Let [math]X_{1}..X_{n}[/math] be a random sample from a distribution with cdf [math]F\left(\left.\cdot\right|\theta\right)[/math] where [math]\theta\in\Theta[/math] is unknown.

A point estimator is any function [math]\omega\left(X_{1}..X_{n}\right)[/math].

Notice that a point estimator is a statistic. This does mean that it too is a random variable: For different random samples, we will obtain different point estimators.

We call the realized value of an estimator (i.e., the value of the statistic applied to the realized values of a random sample) as an estimate.

Clearly, a good estimator will be close to [math]\theta[/math] in some probabilistic sense. Finally, an estimator cannot use the true value of [math]\theta[/math] itself.

We consider two methods for point estimation: The method of moments and maximum likelihood.


Method of Moments

Example: Bernoulli

We start with an example. Suppose [math]X_{i}\sim Ber\left(p\right)[/math], where [math]p\in\left[0,1\right][/math] is unknown.

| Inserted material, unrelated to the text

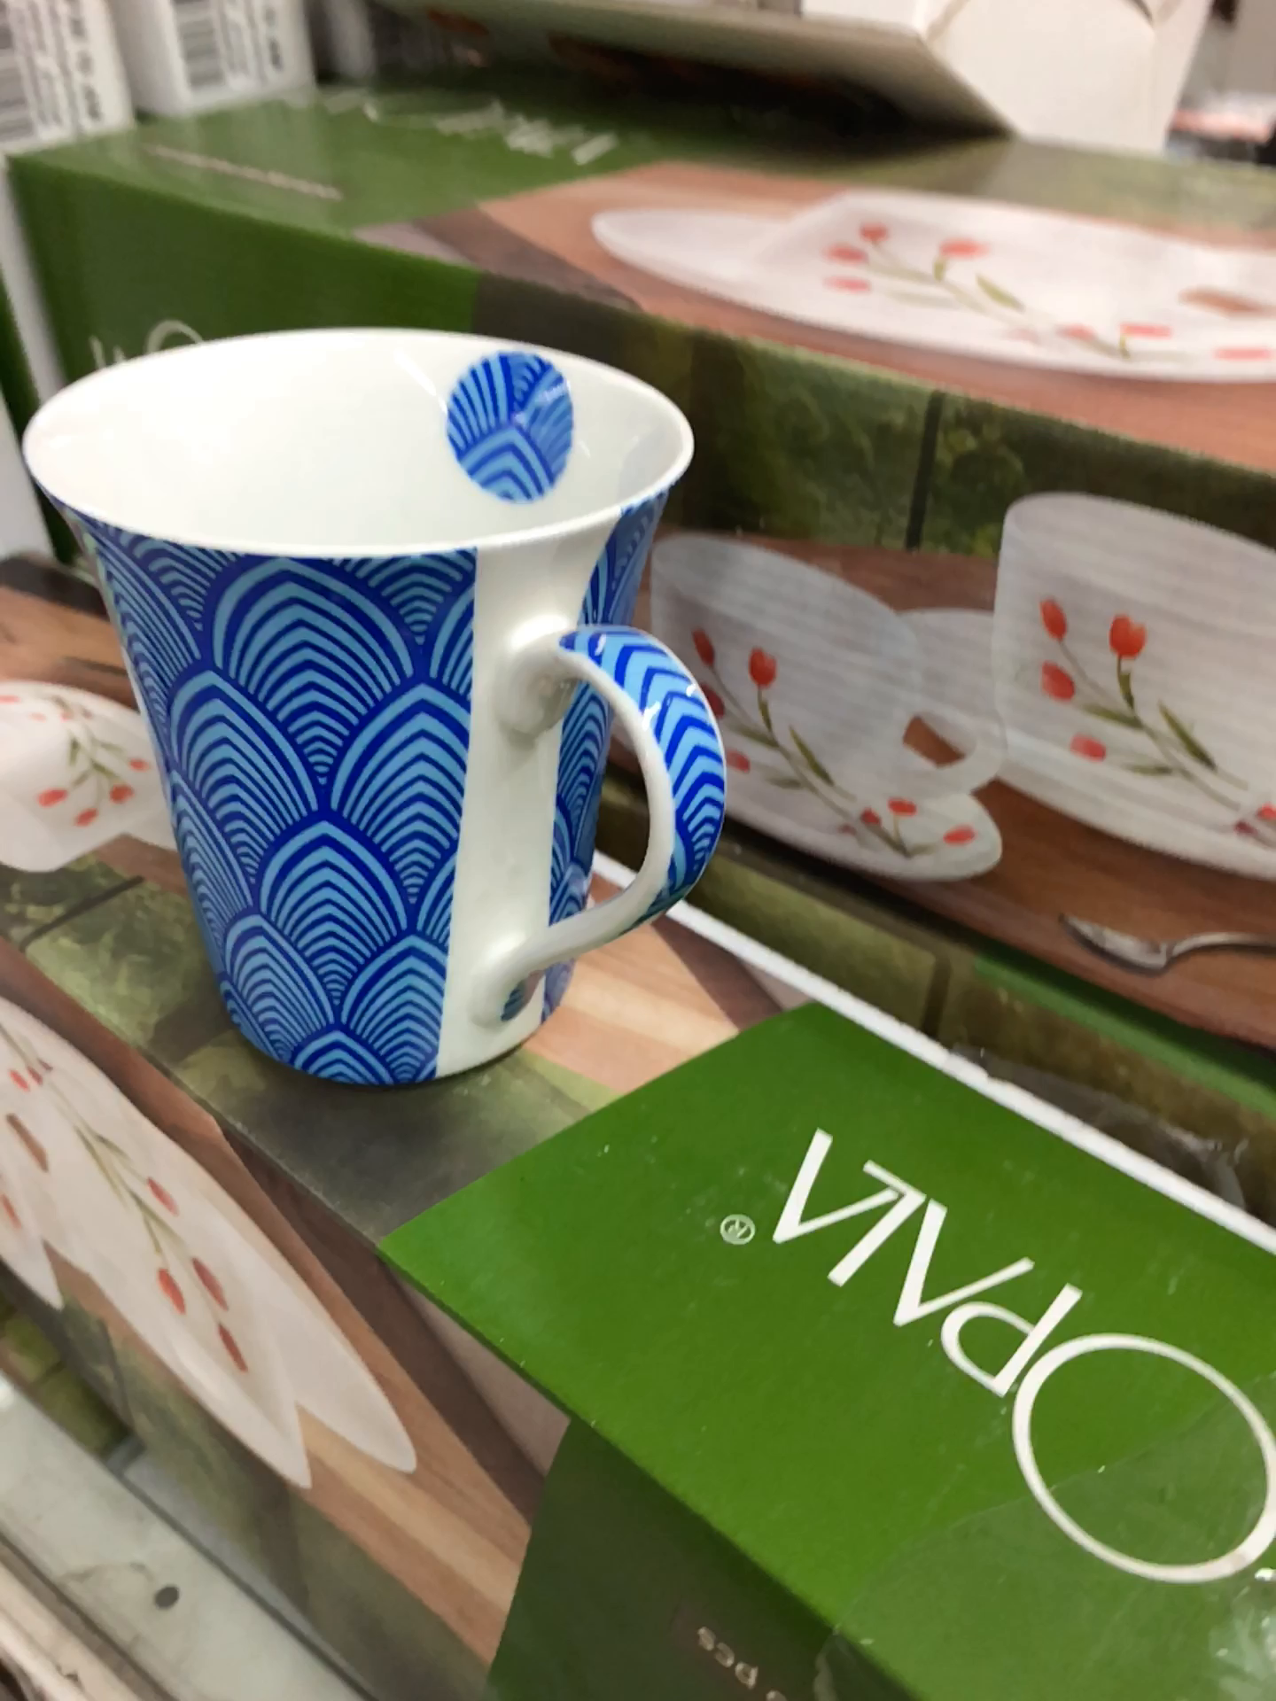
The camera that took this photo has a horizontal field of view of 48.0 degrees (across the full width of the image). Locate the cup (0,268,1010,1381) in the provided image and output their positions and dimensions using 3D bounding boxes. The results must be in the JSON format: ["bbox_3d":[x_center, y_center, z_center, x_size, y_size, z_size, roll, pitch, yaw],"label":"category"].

The method of moments operates by equaling sample moments to population moments. To estimate [math]p[/math], we might equal the sample moment [math]\overline{x}[/math] with the population moment [math]E\left(X\right)=p[/math]. In this case, we obtain the method of moments estimator, [math]\widehat{\theta}_{MM}=\widehat{p}_{MM}[/math] (we use [math]\widehat{}[/math]s to refer to estimators) by writing the moment equation [math]E\left(X\right)=p[/math] by replacing the moment [math]E\left(X\right)[/math] by its sample analogue [math]\overline{x}[/math], and replacing parameter [math]p[/math] by the estimator [math]\widehat{p}_{MM}[/math] to obtain [math]\overline{x}=\widehat{p}_{MM}[/math].

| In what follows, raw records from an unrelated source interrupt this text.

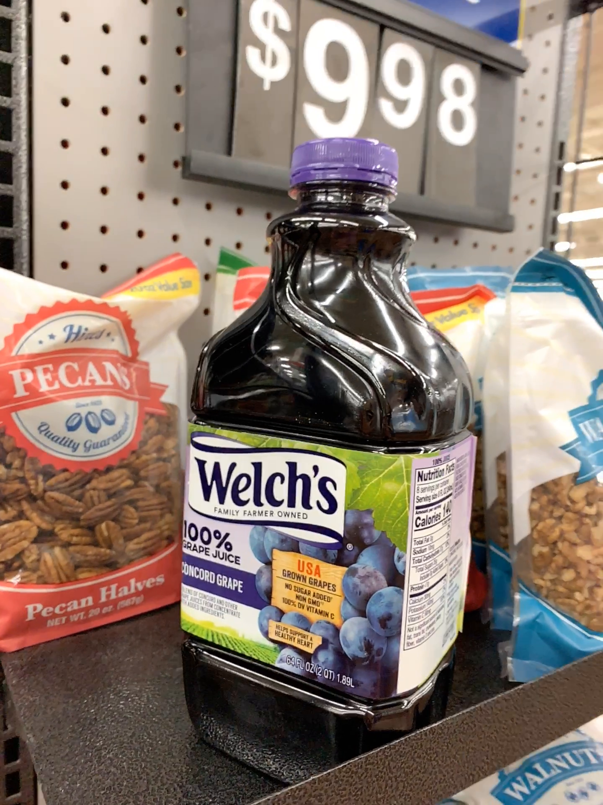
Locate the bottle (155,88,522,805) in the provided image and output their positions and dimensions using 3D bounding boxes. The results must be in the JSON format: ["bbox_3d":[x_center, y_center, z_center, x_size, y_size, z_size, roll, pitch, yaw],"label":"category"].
[{"bbox_3d":[0.016,0.021,0.283,0.120,0.260,0.100,6,7,32],"label":"bottle"}]
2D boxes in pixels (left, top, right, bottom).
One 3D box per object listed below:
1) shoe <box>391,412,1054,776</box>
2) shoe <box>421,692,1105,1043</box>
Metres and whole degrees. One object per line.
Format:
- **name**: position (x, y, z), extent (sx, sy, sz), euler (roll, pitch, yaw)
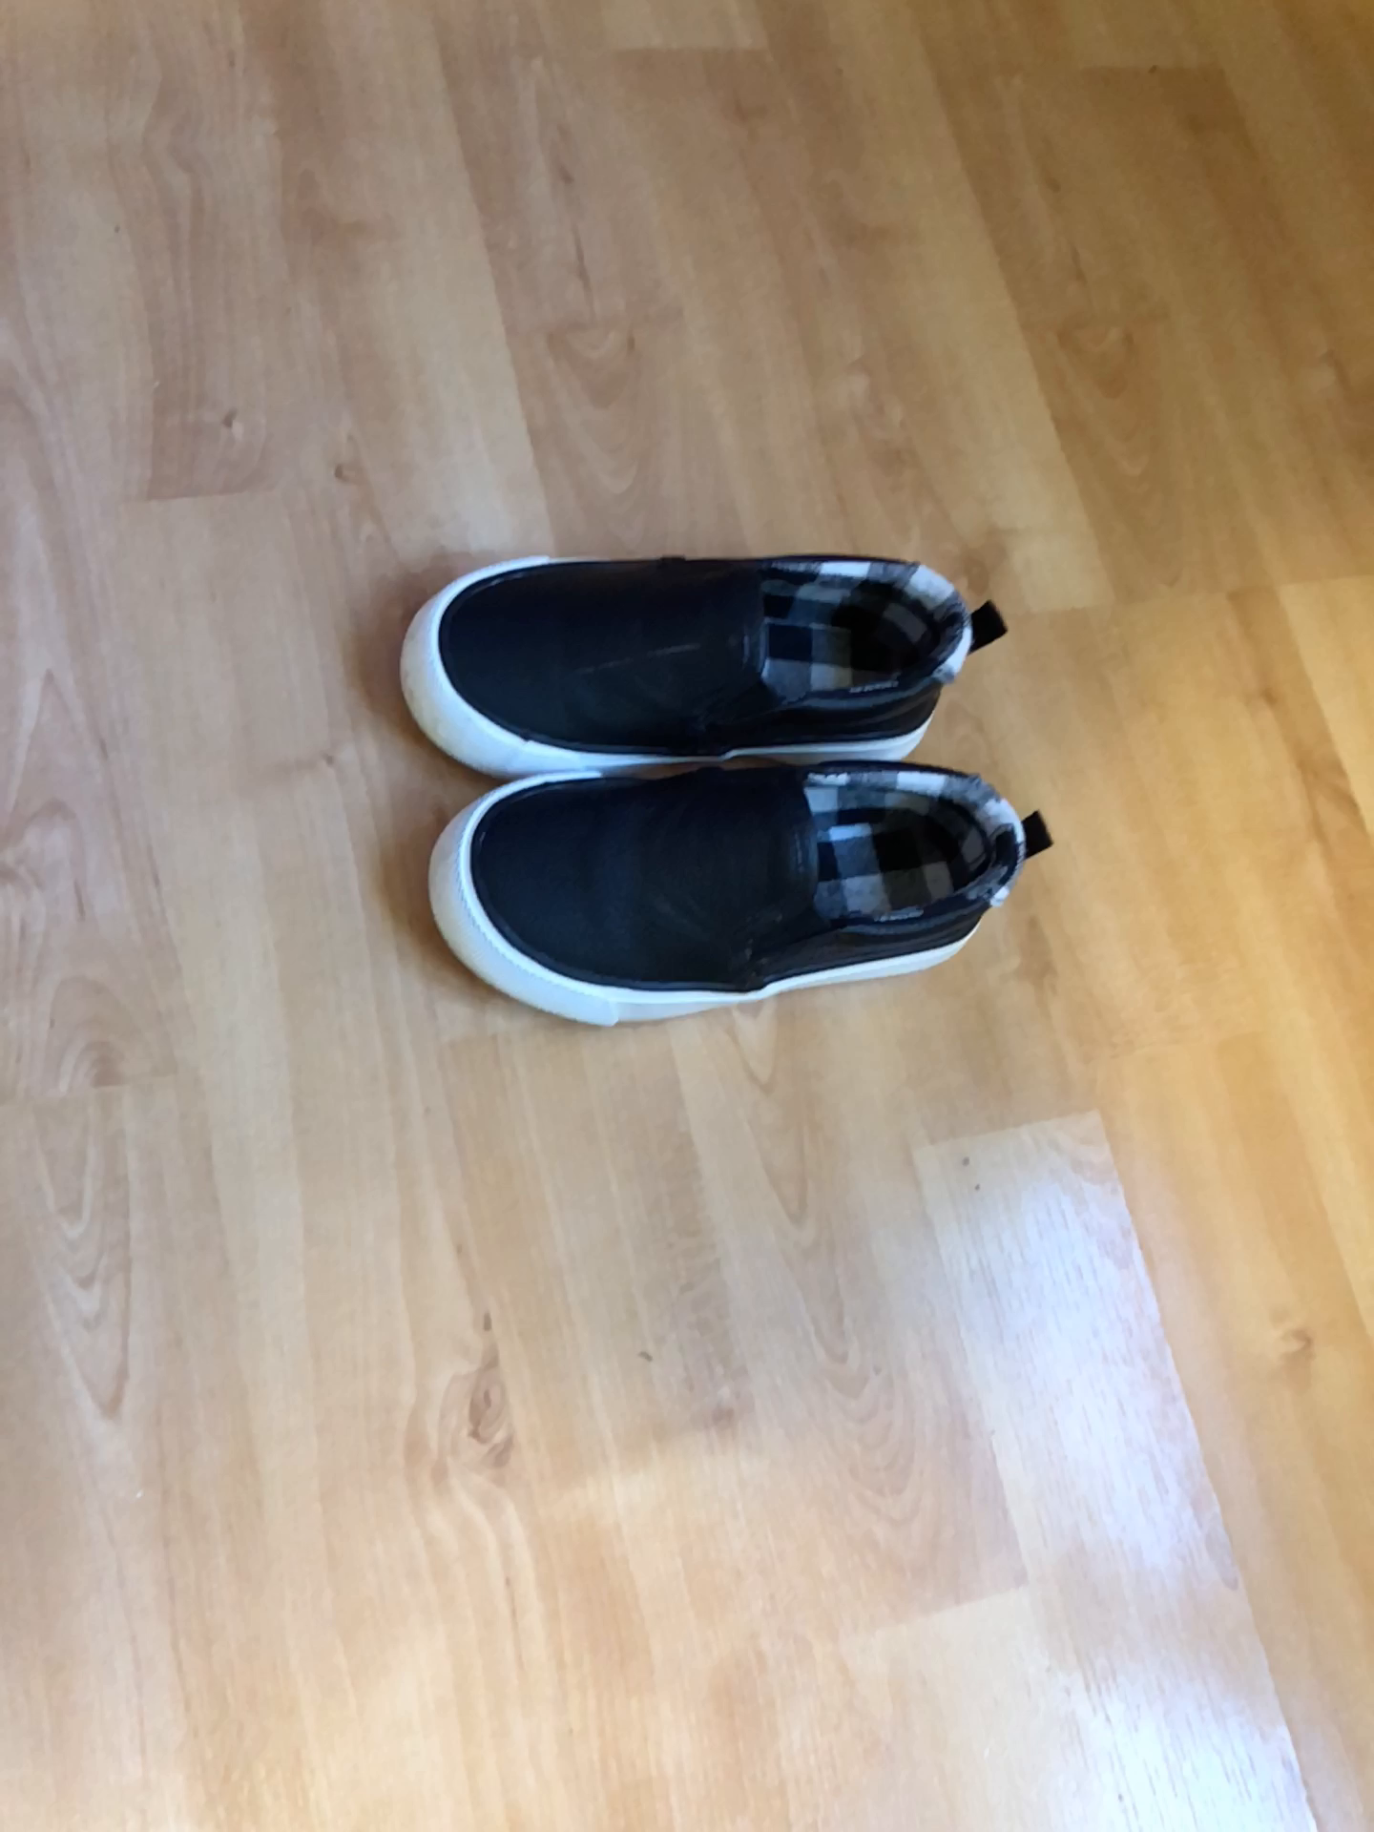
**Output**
- **shoe**: position (0.006, -0.091, 0.448), extent (0.180, 0.060, 0.080), euler (-1, 71, -12)
- **shoe**: position (0.017, -0.011, 0.434), extent (0.180, 0.060, 0.080), euler (0, 71, -12)

In other words, the method of moments estimate for [math]p[/math] is the proportion of observed 1s ([math]\overline{x}[/math]) in the sample. Sometimes, the parameter of interest does not equal [math]E\left(X\right)[/math], in which case we would have to have solved the last equation w.r.t. [math]\widehat{p}_{MM}[/math].

Method of Moments

Let [math]X_{1}..X_{n}[/math] be a random sample from a distribution with pmf/pdf [math]f\left(\left.\cdot\right|\theta\right)[/math], where [math]\theta\subseteq\Theta\subseteq\mathbb{R}[/math] is unknown.

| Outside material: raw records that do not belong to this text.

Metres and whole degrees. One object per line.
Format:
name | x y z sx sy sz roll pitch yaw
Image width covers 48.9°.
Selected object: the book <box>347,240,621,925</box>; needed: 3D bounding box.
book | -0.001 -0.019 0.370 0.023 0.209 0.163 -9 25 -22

And let [math]\mu\left(\cdot\right):\Theta\rightarrow\mathbb{R}[/math] (aka the moment equation) be given by [math]\mu\left(\theta\right)=\begin{cases} \sum_{x\in\mathbb{R}}xf\left(\left.x\right|\theta\right), & x\,discrete\\ \int_{-\infty}^{\infty}xf\left(\left.x\right|\theta\right)dx, & x\,continuous \end{cases}[/math]

The method of moments estimator [math]\widehat{\theta}_{MM}[/math] is the solution to equation

[math]\mu\left(\widehat{\theta}_{MM}\right)=\overline{x}=\frac{1}{n}\sum_{i=1}^{n}x_{i}.[/math]

The method of moments estimator can be summarized as equaling the population mean (which depends on some parameter [math]\theta[/math]) to the sample mean [math]\overline{x}[/math], and solving for the unknown parameter [math]\theta[/math], calling it [math]\widehat{\theta}_{MM}[/math].

Up to now, the method could as well be called “method of moment” estimator, since it only uses the first moment of [math]X[/math]. Additional moments will be used depending on the number of parameters we would like to estimate.

Example: Uniform

Let [math]X_{i}\overset{iid}{\sim}U\left(0,\theta\right)[/math], where [math]\theta\gt 0[/math] is unknown. In this case, our moment equation is [math]\mu\left(\theta\right)=E\left(X\right)=\frac{\theta}{2}[/math].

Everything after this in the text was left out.